3. A stretching or twisting force is applied to the string by using the drilling rig mechanisms.
4. The proposed logging tool is lowered to the bottom of the pipe and the "second pass" is made to take measurements of the electromagnetic field decay along the full length of the pipe in the same way as described in paragraph 2 above. By comparing the resulting decay curves with the data which were previously recorded according to paragraph 2, drillers obtain the value of a relative variation of µ along the string.
5. A conclusion about the stuck point is made as follows: µ does not change substantially below the stuck point (Δµ≈0), but changes above the stuck point: the greater the force applied according to paragraph 3 above, the greater the change.
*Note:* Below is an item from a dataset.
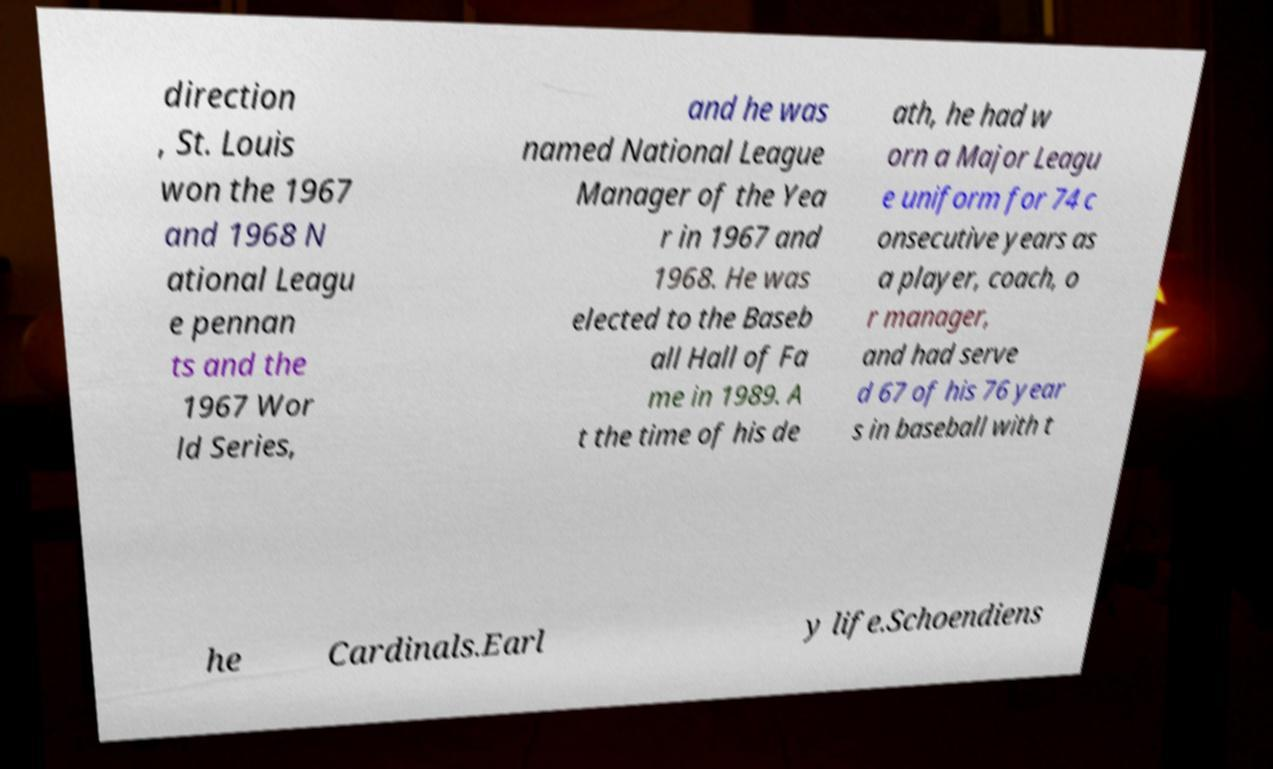Please identify and transcribe the text found in this image. direction , St. Louis won the 1967 and 1968 N ational Leagu e pennan ts and the 1967 Wor ld Series, and he was named National League Manager of the Yea r in 1967 and 1968. He was elected to the Baseb all Hall of Fa me in 1989. A t the time of his de ath, he had w orn a Major Leagu e uniform for 74 c onsecutive years as a player, coach, o r manager, and had serve d 67 of his 76 year s in baseball with t he Cardinals.Earl y life.Schoendiens

A specific example of implementation of the proposed method on a pilot unit, using a steel casing string 155 mm in diameter, is given below. The casing string is 1,840 m long. After the first pass of the logging tool, the free point was determined at a depth of 1,170 m from the surface. The pipe was loaded by being stretched, using a force equal to 0.95 of the ultimate mechanical strength. After the second pass of the logging tool, the free point was determined more precisely at a depth of 1,158 m from the surface. Actually, the free point was at a depth of 1,158.1 m.
The accuracy of the stuck point depth determination corresponds to the accuracy of the depth determination system of the logging tool used (i.e. ± 0.15 m in the above example).

Claims

Method of determination of the free point in stuck drill pipes, which includes registration of the parameter characterizing the condition of the pipe metal and determination of the free point, based on changes in the value of the above-mentioned parameter, the method being characterized in that the value of a time-induced decay of the electromagnetic field generated by application of an electric current pulse to the pipe is used as the above-mentioned parameter.
Method according to claim 1, characterized in that, after the electromagnetic field decay has been measured, the pipe is additionally loaded, and the electromagnetic field decay is then re-registered.
Method according to claim 2, characterized in that the free point is determined by calculations.
Method according to claim 2, characterized in that a twisting or stretching force is applied to the pipe.